(Saved data entries)

-- Opening Marker --

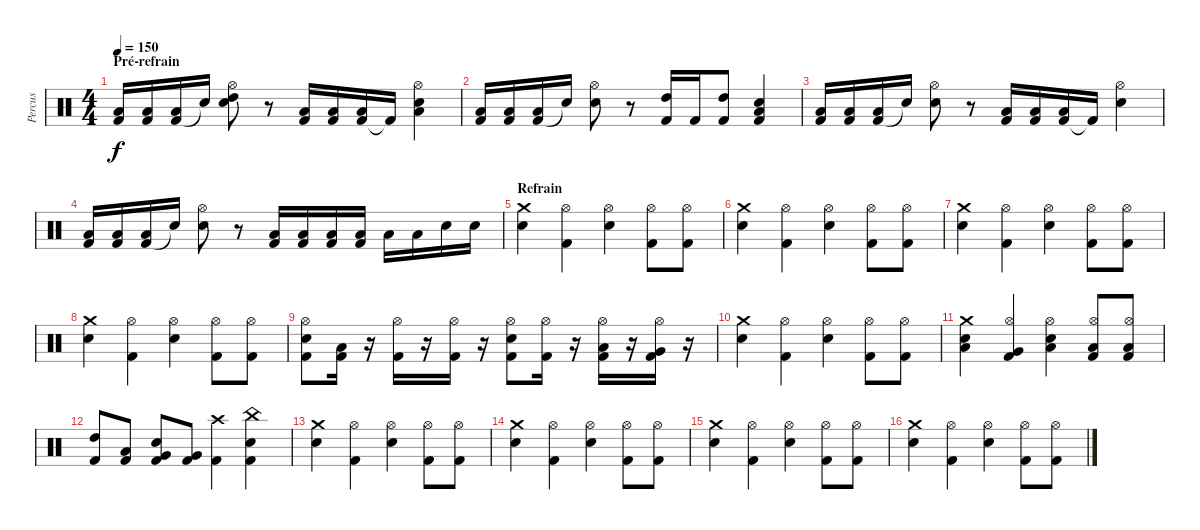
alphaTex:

\track ("Percus" "Percus") {instrument percussion}
\staff {score}
\articulation defaults
\ts (4 4)
\section ("" "Pré-refrain")
\tempo 150
\clef neutral
\ks c
("Kick (hit) 2" "Low Tom (hit)").16{dy f} ("Kick (hit) 2" "Low Tom (hit)").16 ("Kick (hit) 2" "Low Tom (hit)").16 "Snare (hit)"{t}.16 ("Hi-Hat (open)" "Electric Snare (hit)" "High Tom (hit)").8 r.8 ("Kick (hit) 2" "Low Tom (hit)").16 ("Kick (hit) 2" "Low Tom (hit)").16 ("Kick (hit) 2" "Low Tom (hit)").16 "Kick (hit) 2"{t}.16 ("Hi-Hat (open)" "Low Tom (hit)" "Electric Snare (hit)").4 |
("Kick (hit) 2" "Low Tom (hit)").16 ("Kick (hit) 2" "Low Tom (hit)").16 ("Kick (hit) 2" "Low Tom (hit)").16 "Snare (hit)"{t}.16 ("Hi-Hat (open)" "Electric Snare (hit)").8 r.8 ("Kick (hit) 2" "High Tom (hit)").16 "Kick (hit) 2".16 ("Kick (hit) 2" "High Tom (hit)").8 ("Kick (hit) 2" "Electric Snare (hit)" "Low Tom (hit)").4 |
("Kick (hit) 2" "Low Tom (hit)").16 ("Kick (hit) 2" "Low Tom (hit)").16 ("Kick (hit) 2" "Low Tom (hit)").16 "Snare (hit)"{t}.16 ("Hi-Hat (open)" "Electric Snare (hit)").8 r.8 ("Kick (hit) 2" "Low Tom (hit)").16 ("Kick (hit) 2" "Low Tom (hit)").16 ("Kick (hit) 2" "Low Tom (hit)").16 "Kick (hit) 2"{t}.16 ("Hi-Hat (open)" "Electric Snare (hit)").4 |
("Kick (hit) 2" "Low Tom (hit)").16 ("Kick (hit) 2" "Low Tom (hit)").16 ("Kick (hit) 2" "Low Tom (hit)").16 "Snare (hit)"{t}.16 ("Hi-Hat (open)" "Electric Snare (hit)").8 r.8 ("Kick (hit) 2" "Low Tom (hit)").16 ("Kick (hit) 2" "Low Tom (hit)").16 ("Kick (hit) 2" "Low Tom (hit)").16 ("Kick (hit) 2" "Low Tom (hit)").16 "Low Floor Tom (hit)".16 "Low Floor Tom (hit)".16 "Electric Snare (hit)".16 "Electric Snare (hit)".16 |
\section ("" "Refrain")
("Crash medium (hit)" "Snare (hit) 2").4 ("Hi-Hat (open)" "Kick (hit) 2").4 ("Hi-Hat (open)" "Snare (hit) 2").4 ("Hi-Hat (open)" "Kick (hit) 2").8 ("Hi-Hat (open)" "Kick (hit) 2").8 |
("Crash medium (hit)" "Snare (hit) 2").4 ("Hi-Hat (open)" "Kick (hit) 2").4 ("Hi-Hat (open)" "Snare (hit) 2").4 ("Hi-Hat (open)" "Kick (hit) 2").8 ("Hi-Hat (open)" "Kick (hit) 2").8 |
("Crash medium (hit)" "Snare (hit) 2").4 ("Hi-Hat (open)" "Kick (hit) 2").4 ("Hi-Hat (open)" "Snare (hit) 2").4 ("Hi-Hat (open)" "Kick (hit) 2").8 ("Hi-Hat (open)" "Kick (hit) 2").8 |
("Crash medium (hit)" "Snare (hit) 2").4 ("Hi-Hat (open)" "Kick (hit) 2").4 ("Hi-Hat (open)" "Snare (hit) 2").4 ("Hi-Hat (open)" "Kick (hit) 2").8 ("Hi-Hat (open)" "Kick (hit) 2").8 |
("Kick (hit) 2" "Snare (hit) 2" "Hi-Hat (open)").8 ("Kick (hit) 2" "Low Tom (hit)").16 r.16 ("Kick (hit) 2" "Hi-Hat (open)").16 r.16 ("Kick (hit) 2" "Hi-Hat (open)").16 r.16 ("Snare (hit) 2" "Kick (hit) 2" "Hi-Hat (open)").8 ("Kick (hit) 2" "Hi-Hat (open)").16 r.16 ("Low Tom (hit)" "Kick (hit) 2" "Hi-Hat (open)").16 r.16 ("Very Low Tom (hit)" "Kick (hit) 2" "Hi-Hat (open)").16 r.16 |
("Crash medium (hit)" "Snare (hit) 2").4 ("Hi-Hat (open)" "Kick (hit) 2").4 ("Hi-Hat (open)" "Snare (hit) 2").4 ("Hi-Hat (open)" "Kick (hit) 2").8 ("Hi-Hat (open)" "Kick (hit) 2").8 |
("Crash medium (hit)" "Low Tom (hit)" "Snare (hit) 2").4 ("Hi-Hat (open)" "Very Low Tom (hit)" "Kick (hit) 2").4 ("Hi-Hat (open)" "Low Floor Tom (hit)" "Snare (hit) 2").4 ("Hi-Hat (open)" "Low Floor Tom (hit)" "Kick (hit) 2").8 ("Hi-Hat (open)" "Low Floor Tom (hit)" "Kick (hit) 2").8 |
("Kick (hit) 2" "High Tom (hit)").8 ("Kick (hit) 2" "Low Tom (hit)").8 ("Kick (hit) 2" "Very Low Tom (hit)" "Electric Snare (hit)").8 ("Kick (hit) 2" "Very Low Tom (hit)").8 ("Kick (hit) 2" "Crash high (hit)").4 ("Kick (hit) 2" "China (hit)" "Electric Snare (hit)").4 |
("Crash medium (hit)" "Snare (hit) 2").4 ("Hi-Hat (open)" "Kick (hit) 2").4 ("Hi-Hat (open)" "Snare (hit) 2").4 ("Hi-Hat (open)" "Kick (hit) 2").8 ("Hi-Hat (open)" "Kick (hit) 2").8 |
("Crash medium (hit)" "Snare (hit) 2").4 ("Hi-Hat (open)" "Kick (hit) 2").4 ("Hi-Hat (open)" "Snare (hit) 2").4 ("Hi-Hat (open)" "Kick (hit) 2").8 ("Hi-Hat (open)" "Kick (hit) 2").8 |
("Crash medium (hit)" "Snare (hit) 2").4 ("Hi-Hat (open)" "Kick (hit) 2").4 ("Hi-Hat (open)" "Snare (hit) 2").4 ("Hi-Hat (open)" "Kick (hit) 2").8 ("Hi-Hat (open)" "Kick (hit) 2").8 |
("Crash medium (hit)" "Snare (hit) 2").4 ("Hi-Hat (open)" "Kick (hit) 2").4 ("Hi-Hat (open)" "Snare (hit) 2").4 ("Hi-Hat (open)" "Kick (hit) 2").8 ("Hi-Hat (open)" "Kick (hit) 2").8
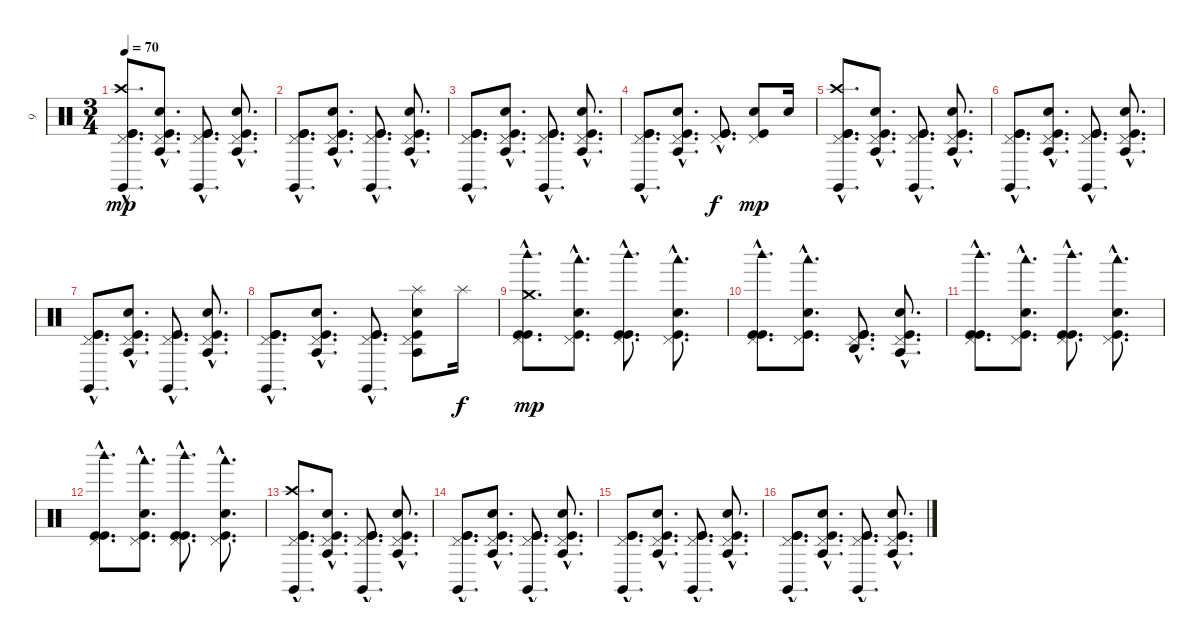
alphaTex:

\track ("9" "9") {instrument percussion}
\staff {score}
\articulation defaults
\ts (3 4)
\tempo 70
\clef neutral
\ks c
("Kick (hit)"{hac} "Kick (hit)"{hac} "Claves (hit)"{hac} "Pedal Hi-Hat (hit)"{hac} "Crash high (hit)"{hac}).8{d dy mp} ("Kick (hit)"{hac} "Snare (hit) 2"{hac} "Agogo tow (hit)"{hac} "Pedal Hi-Hat (hit)"{hac}).8{d} ("Kick (hit)"{hac} "Kick (hit)"{hac} "Claves (hit)"{hac} "Pedal Hi-Hat (hit)"{hac}).8{d} ("Kick (hit)"{hac} "Snare (hit) 2"{hac} "Agogo tow (hit)"{hac} "Pedal Hi-Hat (hit)"{hac}).8{d} |
("Kick (hit)"{hac} "Kick (hit)"{hac} "Claves (hit)"{hac} "Pedal Hi-Hat (hit)"{hac}).8{d} ("Kick (hit)"{hac} "Snare (hit) 2"{hac} "Agogo tow (hit)"{hac} "Pedal Hi-Hat (hit)"{hac}).8{d} ("Kick (hit)"{hac} "Kick (hit)"{hac} "Claves (hit)"{hac} "Pedal Hi-Hat (hit)"{hac}).8{d} ("Kick (hit)"{hac} "Snare (hit) 2"{hac} "Agogo tow (hit)"{hac} "Pedal Hi-Hat (hit)"{hac}).8{d} |
("Kick (hit)"{hac} "Kick (hit)"{hac} "Claves (hit)"{hac} "Pedal Hi-Hat (hit)"{hac}).8{d} ("Kick (hit)"{hac} "Snare (hit) 2"{hac} "Agogo tow (hit)"{hac} "Pedal Hi-Hat (hit)"{hac}).8{d} ("Kick (hit)"{hac} "Kick (hit)"{hac} "Claves (hit)"{hac} "Pedal Hi-Hat (hit)"{hac}).8{d} ("Kick (hit)"{hac} "Snare (hit) 2"{hac} "Agogo tow (hit)"{hac} "Pedal Hi-Hat (hit)"{hac}).8{d} |
("Kick (hit)"{hac} "Kick (hit)"{hac} "Claves (hit)"{hac} "Pedal Hi-Hat (hit)"{hac}).8{d} ("Kick (hit)"{hac} "Snare (hit) 2"{hac} "Agogo tow (hit)"{hac} "Pedal Hi-Hat (hit)"{hac}).8{d} ("Kick (hit)"{hac} "Kick (hit)"{hac} "Pedal Hi-Hat (hit)"{hac}).8{d dy f} ("Kick (hit)" "Snare (hit) 2" "Pedal Hi-Hat (hit)").8{dy mp} "Snare (hit) 2".16 |
("Kick (hit)"{hac} "Kick (hit)"{hac} "Claves (hit)"{hac} "Pedal Hi-Hat (hit)"{hac} "Crash high (hit)"{hac}).8{d} ("Kick (hit)"{hac} "Snare (hit) 2"{hac} "Agogo tow (hit)"{hac} "Pedal Hi-Hat (hit)"{hac}).8{d} ("Kick (hit)"{hac} "Kick (hit)"{hac} "Claves (hit)"{hac} "Pedal Hi-Hat (hit)"{hac}).8{d} ("Kick (hit)"{hac} "Snare (hit) 2"{hac} "Agogo tow (hit)"{hac} "Pedal Hi-Hat (hit)"{hac}).8{d} |
("Kick (hit)"{hac} "Kick (hit)"{hac} "Claves (hit)"{hac} "Pedal Hi-Hat (hit)"{hac}).8{d} ("Kick (hit)"{hac} "Snare (hit) 2"{hac} "Agogo tow (hit)"{hac} "Pedal Hi-Hat (hit)"{hac}).8{d} ("Kick (hit)"{hac} "Kick (hit)"{hac} "Claves (hit)"{hac} "Pedal Hi-Hat (hit)"{hac}).8{d} ("Kick (hit)"{hac} "Snare (hit) 2"{hac} "Agogo tow (hit)"{hac} "Pedal Hi-Hat (hit)"{hac}).8{d} |
("Kick (hit)"{hac} "Kick (hit)"{hac} "Claves (hit)"{hac} "Pedal Hi-Hat (hit)"{hac}).8{d} ("Kick (hit)"{hac} "Snare (hit) 2"{hac} "Agogo tow (hit)"{hac} "Pedal Hi-Hat (hit)"{hac}).8{d} ("Kick (hit)"{hac} "Kick (hit)"{hac} "Claves (hit)"{hac} "Pedal Hi-Hat (hit)"{hac}).8{d} ("Kick (hit)"{hac} "Snare (hit) 2"{hac} "Agogo tow (hit)"{hac} "Pedal Hi-Hat (hit)"{hac}).8{d} |
("Kick (hit)"{hac} "Kick (hit)"{hac} "Claves (hit)"{hac} "Pedal Hi-Hat (hit)"{hac}).8{d} ("Kick (hit)"{hac} "Snare (hit) 2"{hac} "Agogo tow (hit)"{hac} "Pedal Hi-Hat (hit)"{hac}).8{d} ("Kick (hit)"{hac} "Kick (hit)"{hac} "Claves (hit)"{hac} "Pedal Hi-Hat (hit)"{hac}).8{d} ("Kick (hit)" "Snare (hit) 2" "Agogo tow (hit)" "Pedal Hi-Hat (hit)" "Splash (hit)").8 "Splash (hit)".16{dy f} |
("Kick (hit)"{hac} "Kick (hit)"{hac} "Woodblock high (hit)"{hac} "Pedal Hi-Hat (hit)"{hac} "Crash medium (hit)"{hac}).8{d dy mp} ("Kick (hit)"{hac} "Snare (hit) 2"{hac} "Woodblock low (hit)"{hac} "Pedal Hi-Hat (hit)"{hac}).8{d} ("Kick (hit)"{hac} "Kick (hit)"{hac} "Woodblock high (hit)"{hac} "Pedal Hi-Hat (hit)"{hac}).8{d} ("Kick (hit)"{hac} "Snare (hit) 2"{hac} "Woodblock low (hit)"{hac} "Pedal Hi-Hat (hit)"{hac}).8{d} |
("Kick (hit)"{hac} "Kick (hit)"{hac} "Woodblock high (hit)"{hac} "Pedal Hi-Hat (hit)"{hac}).8{d} ("Kick (hit)"{hac} "Snare (hit) 2"{hac} "Woodblock low (hit)"{hac} "Pedal Hi-Hat (hit)"{hac}).8{d} ("Kick (hit)"{hac} "Kick (hit)"{hac} "Agogo high (hit)"{hac} "Pedal Hi-Hat (hit)"{hac}).8{d} ("Kick (hit)"{hac} "Snare (hit) 2"{hac} "Agogo tow (hit)"{hac} "Pedal Hi-Hat (hit)"{hac}).8{d} |
("Kick (hit)"{hac} "Kick (hit)"{hac} "Woodblock high (hit)"{hac} "Pedal Hi-Hat (hit)"{hac}).8{d} ("Kick (hit)"{hac} "Snare (hit) 2"{hac} "Woodblock low (hit)"{hac} "Pedal Hi-Hat (hit)"{hac}).8{d} ("Kick (hit)"{hac} "Kick (hit)"{hac} "Woodblock high (hit)"{hac} "Pedal Hi-Hat (hit)"{hac}).8{d} ("Kick (hit)"{hac} "Snare (hit) 2"{hac} "Woodblock low (hit)"{hac} "Pedal Hi-Hat (hit)"{hac}).8{d} |
("Kick (hit)"{hac} "Kick (hit)"{hac} "Woodblock high (hit)"{hac} "Pedal Hi-Hat (hit)"{hac}).8{d} ("Kick (hit)"{hac} "Snare (hit) 2"{hac} "Woodblock low (hit)"{hac} "Pedal Hi-Hat (hit)"{hac}).8{d} ("Kick (hit)"{hac} "Kick (hit)"{hac} "Woodblock high (hit)"{hac} "Pedal Hi-Hat (hit)"{hac}).8{d} ("Kick (hit)"{hac} "Snare (hit) 2"{hac} "Woodblock low (hit)"{hac} "Pedal Hi-Hat (hit)"{hac}).8{d} |
("Kick (hit)"{hac} "Kick (hit)"{hac} "Claves (hit)"{hac} "Pedal Hi-Hat (hit)"{hac} "Crash high (hit)"{hac}).8{d} ("Kick (hit)"{hac} "Snare (hit) 2"{hac} "Agogo tow (hit)"{hac} "Pedal Hi-Hat (hit)"{hac}).8{d} ("Kick (hit)"{hac} "Kick (hit)"{hac} "Claves (hit)"{hac} "Pedal Hi-Hat (hit)"{hac}).8{d} ("Kick (hit)"{hac} "Snare (hit) 2"{hac} "Agogo tow (hit)"{hac} "Pedal Hi-Hat (hit)"{hac}).8{d} |
("Kick (hit)"{hac} "Kick (hit)"{hac} "Claves (hit)"{hac} "Pedal Hi-Hat (hit)"{hac}).8{d} ("Kick (hit)"{hac} "Snare (hit) 2"{hac} "Agogo tow (hit)"{hac} "Pedal Hi-Hat (hit)"{hac}).8{d} ("Kick (hit)"{hac} "Kick (hit)"{hac} "Claves (hit)"{hac} "Pedal Hi-Hat (hit)"{hac}).8{d} ("Kick (hit)"{hac} "Snare (hit) 2"{hac} "Agogo tow (hit)"{hac} "Pedal Hi-Hat (hit)"{hac}).8{d} |
("Kick (hit)"{hac} "Kick (hit)"{hac} "Claves (hit)"{hac} "Pedal Hi-Hat (hit)"{hac}).8{d} ("Kick (hit)"{hac} "Snare (hit) 2"{hac} "Agogo tow (hit)"{hac} "Pedal Hi-Hat (hit)"{hac}).8{d} ("Kick (hit)"{hac} "Kick (hit)"{hac} "Claves (hit)"{hac} "Pedal Hi-Hat (hit)"{hac}).8{d} ("Kick (hit)"{hac} "Snare (hit) 2"{hac} "Agogo tow (hit)"{hac} "Pedal Hi-Hat (hit)"{hac}).8{d} |
("Kick (hit)"{hac} "Kick (hit)"{hac} "Claves (hit)"{hac} "Pedal Hi-Hat (hit)"{hac}).8{d} ("Kick (hit)"{hac} "Snare (hit) 2"{hac} "Agogo tow (hit)"{hac} "Pedal Hi-Hat (hit)"{hac}).8{d} ("Kick (hit)"{hac} "Kick (hit)"{hac} "Claves (hit)"{hac} "Pedal Hi-Hat (hit)"{hac}).8{d} ("Kick (hit)"{hac} "Snare (hit) 2"{hac} "Agogo tow (hit)"{hac} "Pedal Hi-Hat (hit)"{hac}).8{d}
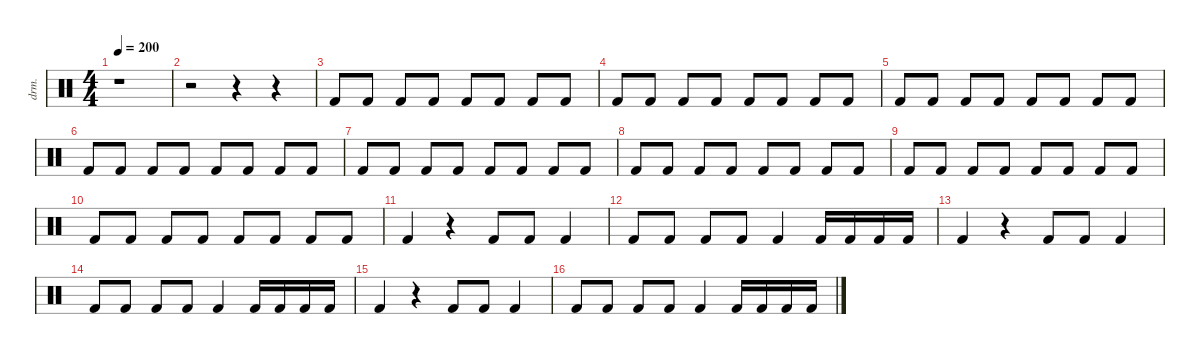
\defaultSystemsLayout 4
\hideDynamics
\bracketExtendMode nobrackets
\track ("Percussion" "drm.") {instrument percussion}
\staff {score}
\articulation defaults
\ts (4 4)
\tempo 200
\clef neutral
\ks c
r.1{dy ff} |
r.2 r.4 r.4 |
"Kick (hit) 2".8 "Kick (hit) 2".8 "Kick (hit) 2".8 "Kick (hit) 2".8 "Kick (hit) 2".8 "Kick (hit) 2".8 "Kick (hit) 2".8 "Kick (hit) 2".8 |
"Kick (hit) 2".8 "Kick (hit) 2".8 "Kick (hit) 2".8 "Kick (hit) 2".8 "Kick (hit) 2".8 "Kick (hit) 2".8 "Kick (hit) 2".8 "Kick (hit) 2".8 |
"Kick (hit) 2".8 "Kick (hit) 2".8 "Kick (hit) 2".8 "Kick (hit) 2".8 "Kick (hit) 2".8 "Kick (hit) 2".8 "Kick (hit) 2".8 "Kick (hit) 2".8 |
"Kick (hit) 2".8 "Kick (hit) 2".8 "Kick (hit) 2".8 "Kick (hit) 2".8 "Kick (hit) 2".8 "Kick (hit) 2".8 "Kick (hit) 2".8 "Kick (hit) 2".8 |
"Kick (hit) 2".8 "Kick (hit) 2".8 "Kick (hit) 2".8 "Kick (hit) 2".8 "Kick (hit) 2".8 "Kick (hit) 2".8 "Kick (hit) 2".8 "Kick (hit) 2".8 |
"Kick (hit) 2".8 "Kick (hit) 2".8 "Kick (hit) 2".8 "Kick (hit) 2".8 "Kick (hit) 2".8 "Kick (hit) 2".8 "Kick (hit) 2".8 "Kick (hit) 2".8 |
"Kick (hit) 2".8 "Kick (hit) 2".8 "Kick (hit) 2".8 "Kick (hit) 2".8 "Kick (hit) 2".8 "Kick (hit) 2".8 "Kick (hit) 2".8 "Kick (hit) 2".8 |
"Kick (hit) 2".8 "Kick (hit) 2".8 "Kick (hit) 2".8 "Kick (hit) 2".8 "Kick (hit) 2".8 "Kick (hit) 2".8 "Kick (hit) 2".8 "Kick (hit) 2".8 |
"Kick (hit) 2".4 r.4 "Kick (hit) 2".8 "Kick (hit) 2".8 "Kick (hit) 2".4 |
"Kick (hit) 2".8 "Kick (hit) 2".8 "Kick (hit) 2".8 "Kick (hit) 2".8 "Kick (hit) 2".4 "Kick (hit) 2".16 "Kick (hit) 2".16 "Kick (hit) 2".16 "Kick (hit) 2".16 |
"Kick (hit) 2".4 r.4 "Kick (hit) 2".8 "Kick (hit) 2".8 "Kick (hit) 2".4 |
"Kick (hit) 2".8 "Kick (hit) 2".8 "Kick (hit) 2".8 "Kick (hit) 2".8 "Kick (hit) 2".4 "Kick (hit) 2".16 "Kick (hit) 2".16 "Kick (hit) 2".16 "Kick (hit) 2".16 |
"Kick (hit) 2".4 r.4 "Kick (hit) 2".8 "Kick (hit) 2".8 "Kick (hit) 2".4 |
"Kick (hit) 2".8 "Kick (hit) 2".8 "Kick (hit) 2".8 "Kick (hit) 2".8 "Kick (hit) 2".4 "Kick (hit) 2".16 "Kick (hit) 2".16 "Kick (hit) 2".16 "Kick (hit) 2".16

-- Closing Marker --

● PROBLEM STATEMENT
Each line above that contains the string "instrument" should be identified and copied.

● RESPONSE
\track ("Percus" "Percus") {instrument percussion}
\track ("9" "9") {instrument percussion}
\track ("Percussion" "drm.") {instrument percussion}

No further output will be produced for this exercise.